At least for the time being.
A New York Times story published last week offered highlights of the litigation scuffle underway among homeowners, builders, insurers, and manufacturers. The situation is especially dreary, and in some cases financially ruinous, for the homeowners, whose list of woes attributed to the drywall’s off-gassing include breathing problems, headaches, nosebleeds, and severe corrosion of metal fixtures of almost every type.
To the extent most homeowners don’t have the financial resources to weather a long-running legal dispute, much less pay for replacement of all the drywall and affected electrical equipment in their homes (a process that could cost, on average, from $100,000 to $150,000 per home, the Times notes), their prospects do indeed look bleak.
A partial reprieve for homeowners in limbo?
Customers of some large homebuilders that used the drywall, including Lennar Corporation, may see some relief. Lennar, the Times points out, has set aside $40 million for home repairs, while it tries to collect from its insurance company and sues several Chinese suppliers and American middlemen. But customers of builders who operate on a smaller scale are unlikely to be handed complete wallboard replacements.
There is at least hope of a remedy, though, for the off-gassing itself. As noted in a Builder Online story earlier this month, Sabre Environmental Services, based in Slingerland, New York, developed a system for pumping chlorine gas – which neutralizes sulfur gases by oxidizing them, and also kills organisms that might be producing the gases – that has been used in oil fields to oxidize well-clogging sulfur gases and deployed to sanitize government buildings after the anthrax attacks in 2001.
More recently, as the Builder story points out, Sabre used its system to disinfect homes with mold contamination.
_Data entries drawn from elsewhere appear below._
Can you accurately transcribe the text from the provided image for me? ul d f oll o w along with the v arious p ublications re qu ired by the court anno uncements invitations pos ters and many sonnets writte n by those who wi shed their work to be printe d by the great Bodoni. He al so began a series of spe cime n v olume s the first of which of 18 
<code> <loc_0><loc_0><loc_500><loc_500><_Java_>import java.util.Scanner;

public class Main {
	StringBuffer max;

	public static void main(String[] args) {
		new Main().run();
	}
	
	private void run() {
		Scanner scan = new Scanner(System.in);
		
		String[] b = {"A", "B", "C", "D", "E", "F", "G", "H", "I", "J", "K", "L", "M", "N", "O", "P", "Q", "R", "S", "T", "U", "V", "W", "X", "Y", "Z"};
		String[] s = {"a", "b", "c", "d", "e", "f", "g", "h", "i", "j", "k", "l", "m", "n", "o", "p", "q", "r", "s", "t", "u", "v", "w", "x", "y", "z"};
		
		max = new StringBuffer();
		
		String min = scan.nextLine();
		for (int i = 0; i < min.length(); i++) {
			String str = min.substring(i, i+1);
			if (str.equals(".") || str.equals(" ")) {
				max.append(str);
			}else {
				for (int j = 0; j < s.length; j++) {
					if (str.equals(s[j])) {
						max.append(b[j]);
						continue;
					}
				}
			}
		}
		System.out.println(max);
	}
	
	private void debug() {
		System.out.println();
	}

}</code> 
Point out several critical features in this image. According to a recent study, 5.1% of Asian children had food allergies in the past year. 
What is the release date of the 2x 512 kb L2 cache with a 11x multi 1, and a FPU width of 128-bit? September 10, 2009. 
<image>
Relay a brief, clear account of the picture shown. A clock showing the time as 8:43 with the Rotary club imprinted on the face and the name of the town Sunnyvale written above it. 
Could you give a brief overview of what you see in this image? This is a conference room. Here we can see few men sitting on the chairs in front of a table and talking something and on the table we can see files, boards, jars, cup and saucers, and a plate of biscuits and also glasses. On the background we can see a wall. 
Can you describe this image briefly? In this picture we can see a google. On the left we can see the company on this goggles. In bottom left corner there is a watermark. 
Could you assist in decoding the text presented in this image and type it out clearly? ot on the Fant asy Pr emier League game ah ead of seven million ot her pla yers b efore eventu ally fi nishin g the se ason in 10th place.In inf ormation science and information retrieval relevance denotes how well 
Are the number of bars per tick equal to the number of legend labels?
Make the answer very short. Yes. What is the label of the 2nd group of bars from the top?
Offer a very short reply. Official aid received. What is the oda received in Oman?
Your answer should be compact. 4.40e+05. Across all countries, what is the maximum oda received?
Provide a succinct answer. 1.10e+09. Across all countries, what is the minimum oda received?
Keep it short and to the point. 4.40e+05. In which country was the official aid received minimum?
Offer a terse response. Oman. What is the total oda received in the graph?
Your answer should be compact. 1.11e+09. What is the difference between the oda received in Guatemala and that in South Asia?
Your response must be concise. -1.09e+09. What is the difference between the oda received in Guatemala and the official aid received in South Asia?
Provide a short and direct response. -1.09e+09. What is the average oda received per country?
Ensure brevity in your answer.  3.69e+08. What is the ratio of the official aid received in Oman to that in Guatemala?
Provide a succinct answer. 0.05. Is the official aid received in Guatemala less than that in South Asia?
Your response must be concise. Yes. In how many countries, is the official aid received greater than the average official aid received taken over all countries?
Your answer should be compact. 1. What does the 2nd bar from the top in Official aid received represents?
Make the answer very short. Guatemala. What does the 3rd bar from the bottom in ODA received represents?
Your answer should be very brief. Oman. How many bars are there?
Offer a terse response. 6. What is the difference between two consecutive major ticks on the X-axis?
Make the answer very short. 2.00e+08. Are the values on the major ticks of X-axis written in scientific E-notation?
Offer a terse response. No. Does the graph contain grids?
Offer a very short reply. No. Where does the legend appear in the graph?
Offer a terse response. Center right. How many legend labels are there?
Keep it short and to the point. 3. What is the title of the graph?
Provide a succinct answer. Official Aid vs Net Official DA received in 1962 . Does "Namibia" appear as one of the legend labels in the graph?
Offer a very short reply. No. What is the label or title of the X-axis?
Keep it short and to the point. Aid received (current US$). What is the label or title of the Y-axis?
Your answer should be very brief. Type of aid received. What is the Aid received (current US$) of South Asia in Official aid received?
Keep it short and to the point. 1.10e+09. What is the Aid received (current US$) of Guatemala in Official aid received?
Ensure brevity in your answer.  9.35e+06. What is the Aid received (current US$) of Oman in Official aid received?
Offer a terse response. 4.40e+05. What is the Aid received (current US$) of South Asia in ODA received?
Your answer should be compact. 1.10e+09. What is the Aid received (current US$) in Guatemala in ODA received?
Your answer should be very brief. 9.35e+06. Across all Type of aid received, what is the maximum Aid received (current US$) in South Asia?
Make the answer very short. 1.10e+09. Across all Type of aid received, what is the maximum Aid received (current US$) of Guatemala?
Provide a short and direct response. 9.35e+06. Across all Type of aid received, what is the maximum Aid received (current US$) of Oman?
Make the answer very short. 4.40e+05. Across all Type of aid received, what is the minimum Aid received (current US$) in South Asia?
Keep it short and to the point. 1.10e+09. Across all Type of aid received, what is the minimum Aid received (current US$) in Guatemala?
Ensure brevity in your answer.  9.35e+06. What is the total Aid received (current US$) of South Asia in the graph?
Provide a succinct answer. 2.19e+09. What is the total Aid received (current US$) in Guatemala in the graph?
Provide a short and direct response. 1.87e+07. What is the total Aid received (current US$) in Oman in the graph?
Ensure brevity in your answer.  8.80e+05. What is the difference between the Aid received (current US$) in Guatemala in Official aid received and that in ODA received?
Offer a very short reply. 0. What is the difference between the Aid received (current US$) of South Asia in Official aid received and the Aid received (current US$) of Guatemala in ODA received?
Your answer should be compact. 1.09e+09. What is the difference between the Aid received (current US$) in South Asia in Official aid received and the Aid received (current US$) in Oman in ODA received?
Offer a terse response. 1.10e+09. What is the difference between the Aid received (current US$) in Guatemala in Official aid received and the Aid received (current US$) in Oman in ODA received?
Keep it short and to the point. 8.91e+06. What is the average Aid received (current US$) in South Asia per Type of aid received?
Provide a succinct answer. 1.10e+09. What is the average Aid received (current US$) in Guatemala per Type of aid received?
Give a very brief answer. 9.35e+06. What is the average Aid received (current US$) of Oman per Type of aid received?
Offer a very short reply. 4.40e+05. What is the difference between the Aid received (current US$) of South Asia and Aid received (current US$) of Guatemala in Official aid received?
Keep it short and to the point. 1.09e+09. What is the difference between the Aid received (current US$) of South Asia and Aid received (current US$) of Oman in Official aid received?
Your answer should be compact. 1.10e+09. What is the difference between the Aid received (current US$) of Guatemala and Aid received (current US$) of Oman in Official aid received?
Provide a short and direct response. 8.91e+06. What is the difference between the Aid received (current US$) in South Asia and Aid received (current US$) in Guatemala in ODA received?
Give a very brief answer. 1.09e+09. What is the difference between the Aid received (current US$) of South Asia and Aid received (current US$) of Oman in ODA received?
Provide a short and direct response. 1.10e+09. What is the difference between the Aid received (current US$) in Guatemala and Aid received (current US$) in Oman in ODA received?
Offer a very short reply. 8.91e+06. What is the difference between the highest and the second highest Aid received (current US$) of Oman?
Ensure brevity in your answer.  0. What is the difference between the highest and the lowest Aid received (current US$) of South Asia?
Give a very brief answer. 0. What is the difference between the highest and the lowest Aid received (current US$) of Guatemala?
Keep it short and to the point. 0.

Then, in the spring, builders and insurers contacted Sabre about using the system on homes with off-gassing drywall. In tests on afflicted homes in Fort Myers, Florida, the company says, the chlorine dioxide completely deactivated the reduced-sulfur compounds off-gassed by the drywall, and thoroughly disinfected the drywall, wall studs, electrical outlets, and other wall interiors.
“When we treat a house for Chinese drywall, it is fixed,” Karen Cavanagh, COO and general counsel, told Builder.
Before the Sabre system is rolled out on any scale, however, its relative effectiveness needs to pass muster with government officials (the Consumer Products Safety Commission is leading tests designed to determine the sources of the drywall contamination and their environmental effects) and insurers, who need to be convinced it will work. (The gas does completely dissipate and leaves no residue – hence its approval for use after the anthrax attacks.)
Homes that may be treated with the Sabre system have to be completely cleared of personal possessions, since the daylong chlorine dioxide treatment will bleach certain objects. Beyond that expense, the treatment itself would cost about $10 to $15 per square foot, although Sabre says it developed a potentially more-cost-effective method during the tests in Fort Myers, where up to 10 homes at a time where treated with one application.